Menga Dolmeni'nin nasıl kullanıldığı tam olarak bilinmese de, bir tapınak veya mezar olarak kullanılmış olabileceği düşünülüyor. Ayrıca, bölgenin sismik olarak aktif olması nedeniyle yapının depreme dayanıklı olması için bu kadar sağlam inşa edildiği de belirtiliyor. Araştırmacılar, bu yapının binlerce yıl boyunca ayakta kalacak şekilde tasarlandığını ve taşın kalıcılıkla özdeşleştirildiğini ifade ediyorlar.

Dev Taşların Taşınması

Menga Dolmeni'nin inşasında kullanılan taşların kaynağı, yapıdan yaklaşık 850 metre uzaklıkta ve 50 metre daha yüksek bir konumda bulunan bir taş ocağı olarak tespit edilmiştir. Araştırmaya göre, bu taşların taşınması sırasında, zemine yerleştirilen ahşap direkler veya kalaslar üzerinde büyük kızaklar kullanılmış olabilir. Bu sayede, taşların zeminle sürtünmesi en aza indirilmiş ve taşlar kontrollü bir şekilde taşınmıştır.

Neolitik Bilimin Doğuşu

Menga Dolmeni, Neolitik dönemde tarımın yeni benimsendiği, araçların taş ve diğer doğal malzemelerden yapıldığı, yazılı dilin henüz olmadığı bir dönemde inşa edilmiştir. Ancak, bu insanlar, fizik, sürtünme, açılar ve jeoloji gibi konularda oldukça ileri düzeyde bilgiye sahipti. Profesör García Sanjuán, bu bilgilerin bir araya gelmesiyle bilimsel bir yaklaşımın ortaya çıktığını ve Neolitik dönemin aslında bir bilim çağı olarak değerlendirilmesi gerektiğini vurguluyor.
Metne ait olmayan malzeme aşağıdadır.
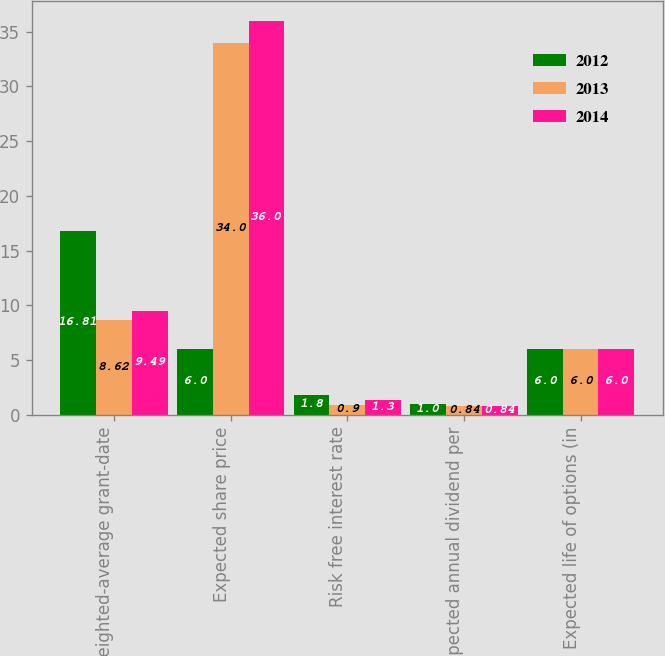Convert chart. <chart><loc_0><loc_0><loc_500><loc_500><stacked_bar_chart><ecel><fcel>Weighted-average grant-date<fcel>Expected share price<fcel>Risk free interest rate<fcel>Expected annual dividend per<fcel>Expected life of options (in<nl><fcel>2012<fcel>16.81<fcel>6<fcel>1.8<fcel>1<fcel>6<nl><fcel>2013<fcel>8.62<fcel>34<fcel>0.9<fcel>0.84<fcel>6<nl><fcel>2014<fcel>9.49<fcel>36<fcel>1.3<fcel>0.84<fcel>6<nl></chart>

Bugün, modern mühendisler bile Menga Dolmeni gibi bir yapıyı, o dönemin imkanlarıyla inşa etmeye kalkıştıklarında büyük zorluklar yaşayacaklarını itiraf ediyorlar. Bu da Neolitik mühendislerin, tarihin en büyük yapı taşlarından birini inşa ederken ne denli üstün bilgi ve beceriye sahip olduklarını kanıtlıyor.